Depends what they mean by grudges, but yes, in general I agree with this. The 'alternative' should show solidarity with workers in the mainstream, and there is room to merge the two strands. The 'alternative' can often do with being more 'professional' in it's approach, while the mainstream needs to rediscover the principle of campaign journalism.

This is a good opportunity for these two worlds to positively collide.


----------



## bristol_citizen (Nov 5, 2005)

munkeeunit said:
			
		

> Yes, the final paragraph is pretty interesting too:
> 
> "I'd urge anyone to put aside any grudges they have against the mainstream media aside and show solidarity for journalists being either forced out of their jobs, or made to do the job of two people - because that's the option. As the Daily Mail has a stranglehold on all newspapers in the South West, it's not as if journalists can simply get jobs elsewhere in the area."
> 
> ...


I like the way they present the 'grudges' as all coming from us. 
Like they're all sweetness, light and model professionals and their opponents just bear grudges about it. Really?


----------



## munkeeunit (Nov 5, 2005)

bristol_citizen said:
			
		

> I like the way they present the 'grudges' as all coming from us.
> Like they're all sweetness, light and model professionals and their opponents just bear grudges about it. Really?



Yes, it's really very annoying, but in broad terms the history of social movements is that the mainstream ends up having to accomodate the alternative, and they can't help but kick at our shins along the way.

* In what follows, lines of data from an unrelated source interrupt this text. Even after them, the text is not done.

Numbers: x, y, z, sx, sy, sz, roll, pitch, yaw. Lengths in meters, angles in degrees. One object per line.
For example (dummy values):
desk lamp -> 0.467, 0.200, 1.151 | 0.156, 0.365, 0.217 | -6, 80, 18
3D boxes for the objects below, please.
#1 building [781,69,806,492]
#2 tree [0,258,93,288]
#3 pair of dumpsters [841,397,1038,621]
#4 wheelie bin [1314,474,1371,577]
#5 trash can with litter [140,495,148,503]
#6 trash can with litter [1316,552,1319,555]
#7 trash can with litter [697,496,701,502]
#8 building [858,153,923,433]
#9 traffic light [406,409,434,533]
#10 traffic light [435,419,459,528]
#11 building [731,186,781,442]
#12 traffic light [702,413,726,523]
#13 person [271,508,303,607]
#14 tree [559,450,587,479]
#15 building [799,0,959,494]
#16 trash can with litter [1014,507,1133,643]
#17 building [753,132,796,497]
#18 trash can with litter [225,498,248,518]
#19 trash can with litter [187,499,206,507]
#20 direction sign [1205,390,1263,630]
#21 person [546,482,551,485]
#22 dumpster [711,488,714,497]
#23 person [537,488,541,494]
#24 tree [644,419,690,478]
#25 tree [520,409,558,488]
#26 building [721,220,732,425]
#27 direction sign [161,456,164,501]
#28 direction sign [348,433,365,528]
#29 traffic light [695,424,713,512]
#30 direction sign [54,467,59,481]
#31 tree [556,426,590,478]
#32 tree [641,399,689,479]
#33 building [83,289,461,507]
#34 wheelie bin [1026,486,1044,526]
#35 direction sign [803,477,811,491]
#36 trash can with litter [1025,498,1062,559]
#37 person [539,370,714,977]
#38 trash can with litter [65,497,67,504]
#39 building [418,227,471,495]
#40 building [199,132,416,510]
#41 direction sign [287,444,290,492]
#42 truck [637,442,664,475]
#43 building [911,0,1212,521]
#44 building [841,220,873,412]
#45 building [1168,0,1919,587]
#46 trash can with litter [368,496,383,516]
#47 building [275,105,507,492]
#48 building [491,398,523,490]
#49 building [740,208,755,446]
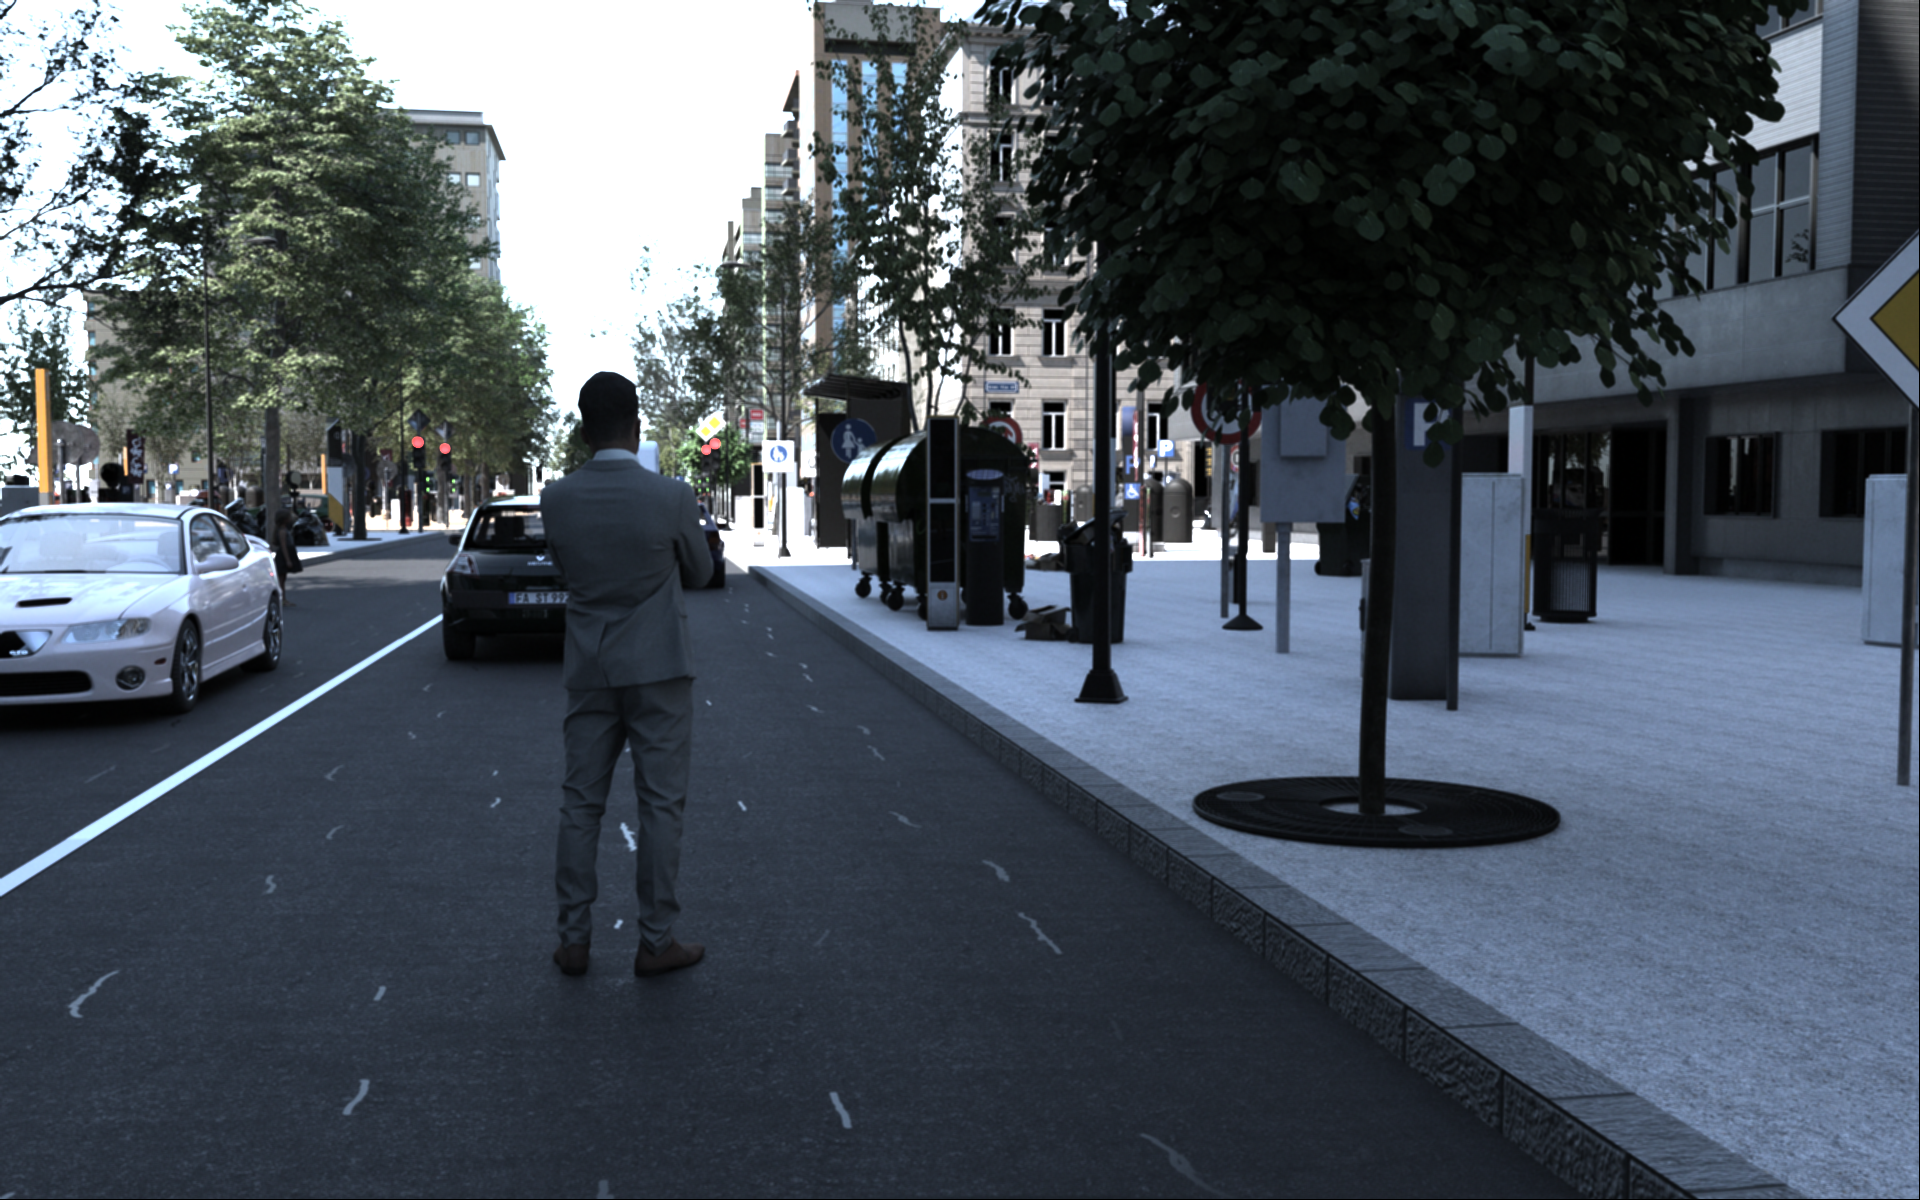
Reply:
building -> -6.900, -32.107, 179.578 | 22.147, 44.769, 28.867 | -1, 4, -10
tree -> -28.071, -6.258, 52.686 | 4.737, 8.622, 4.395 | 0, 3, 0
pair of dumpsters -> -0.301, -1.042, 19.523 | 1.574, 2.255, 4.437 | -1, 4, -11
wheelie bin -> 6.000, -1.183, 27.246 | 0.693, 1.594, 0.980 | -3, 4, -36
trash can with litter -> -55.601, -6.498, 117.293 | 2.233, 1.210, 1.678 | 0, 4, -3
trash can with litter -> 7.678, -1.423, 34.655 | 1.055, 1.170, 0.624 | 1, 4, 21
trash can with litter -> -15.366, -5.427, 100.121 | 1.055, 1.170, 0.624 | 0, 4, -8
building -> 0.278, -15.066, 101.084 | 10.420, 20.320, 16.860 | -1, 4, -10
traffic light -> -17.789, -4.168, 57.075 | 0.839, 4.253, 0.868 | -1, 4, -10
traffic light -> -19.235, -4.649, 64.928 | 0.839, 4.253, 0.868 | -1, 4, -10
building -> -23.673, -39.474, 269.107 | 21.300, 48.544, 21.600 | -1, 4, -10
traffic light -> -8.339, -4.275, 58.825 | 0.839, 4.253, 0.868 | -1, 4, -10
person -> -8.563, -0.542, 22.024 | 0.373, 1.253, 0.362 | -1, 4, -12
tree -> -59.615, -21.992, 276.570 | 9.611, 12.733, 9.660 | 0, 3, 0
building -> -6.958, -31.016, 157.214 | 14.600, 45.320, 14.200 | -1, 4, -10
trash can with litter -> 0.968, -0.224, 15.058 | 1.055, 1.170, 0.624 | 2, 4, 32
building -> -15.830, -31.575, 199.844 | 14.154, 41.232, 14.086 | -1, 4, -10
trash can with litter -> -21.955, -2.480, 51.927 | 1.055, 1.170, 0.624 | -3, 4, -37
trash can with litter -> -16.275, -1.519, 36.228 | 1.055, 1.170, 0.624 | 1, 4, 14
direction sign -> 2.688, -1.491, 16.370 | 0.876, 3.537, 0.379 | -2, 4, -29
person -> -13.119, -2.846, 55.215 | 0.466, 1.800, 0.511 | -1, 4, -14
dumpster -> -20.027, -8.322, 138.557 | 1.502, 2.255, 1.985 | -1, 4, -10
person -> -23.384, -5.343, 96.405 | 0.362, 1.759, 0.519 | -1, 4, -19
tree -> -25.232, -12.316, 151.729 | 4.737, 8.622, 4.395 | 0, 3, 0
tree -> -36.421, -12.142, 148.881 | 4.360, 8.622, 3.978 | 0, 3, 0
building -> -28.645, -40.776, 290.394 | 21.300, 48.544, 21.600 | -1, 4, -10
direction sign -> -47.701, -6.828, 103.629 | 0.379, 3.537, 0.876 | -2, 4, -26
direction sign -> -22.644, -4.444, 64.651 | 0.876, 3.537, 0.379 | 0, 4, 0
traffic light -> -9.785, -4.756, 66.678 | 0.839, 4.253, 0.868 | -1, 4, -10
direction sign -> -55.746, -7.001, 106.459 | 0.876, 3.537, 0.379 | 1, 4, 11
tree -> -50.810, -18.199, 231.964 | 7.601, 10.594, 8.767 | -1, 4, -11
tree -> -34.698, -17.641, 206.563 | 7.486, 12.596, 7.792 | 0, 3, 0
building -> -62.778, -19.426, 162.656 | 27.650, 21.520, 28.899 | -1, 4, -10
wheelie bin -> 2.882, -3.777, 69.659 | 0.980, 1.594, 0.693 | 1, 4, 9
direction sign -> -11.543, -8.543, 131.669 | 0.876, 3.537, 0.379 | -3, 4, -37
trash can with litter -> 1.389, -1.417, 34.233 | 2.233, 1.210, 1.678 | 1, 4, 13
person -> -1.009, 0.207, 5.296 | 0.511, 1.800, 0.466 | 0, 4, -5
trash can with litter -> -36.480, -3.728, 72.013 | 2.233, 1.210, 1.678 | -3, 4, -37
building -> -60.237, -25.258, 184.671 | 14.160, 30.474, 14.107 | -1, 4, -10
building -> -53.152, -22.660, 142.193 | 14.160, 30.474, 14.107 | -1, 4, -10
direction sign -> -30.353, -5.282, 78.357 | 0.379, 3.537, 0.876 | -1, 4, -15
truck -> -15.444, -5.696, 82.886 | 2.967, 4.110, 18.799 | -1, 4, -11
building -> 10.913, -17.722, 87.022 | 25.104, 27.353, 12.463 | -1, 4, -10
building -> -1.349, -18.822, 126.827 | 14.460, 24.649, 34.723 | -1, 4, -10
building -> 15.405, -13.274, 36.098 | 14.314, 24.678, 30.058 | -1, 4, -10
trash can with litter -> -34.561, -5.556, 102.223 | 1.055, 1.170, 0.624 | 3, 4, 36
building -> -78.005, -39.793, 239.853 | 28.713, 52.752, 27.495 | -1, 4, -10
building -> -82.862, -25.925, 268.910 | 27.650, 21.520, 28.899 | -1, 4, -10
building -> -24.653, -34.682, 250.644 | 14.154, 41.232, 14.086 | -1, 4, -10

We have to be careful not to be co-opted and watered down (also a common history) but with the likes of Bristolian and Bristol Indymedia edging ever upwards, we're increasingly not the ones in the position of weakness.

(do a google on Bristol and BIM is 8th. I know it's going to be skewed by googling Bristol, but have a look at the big pieces it's ranked against. Like 'This Is Bristol' in 6th!).


----------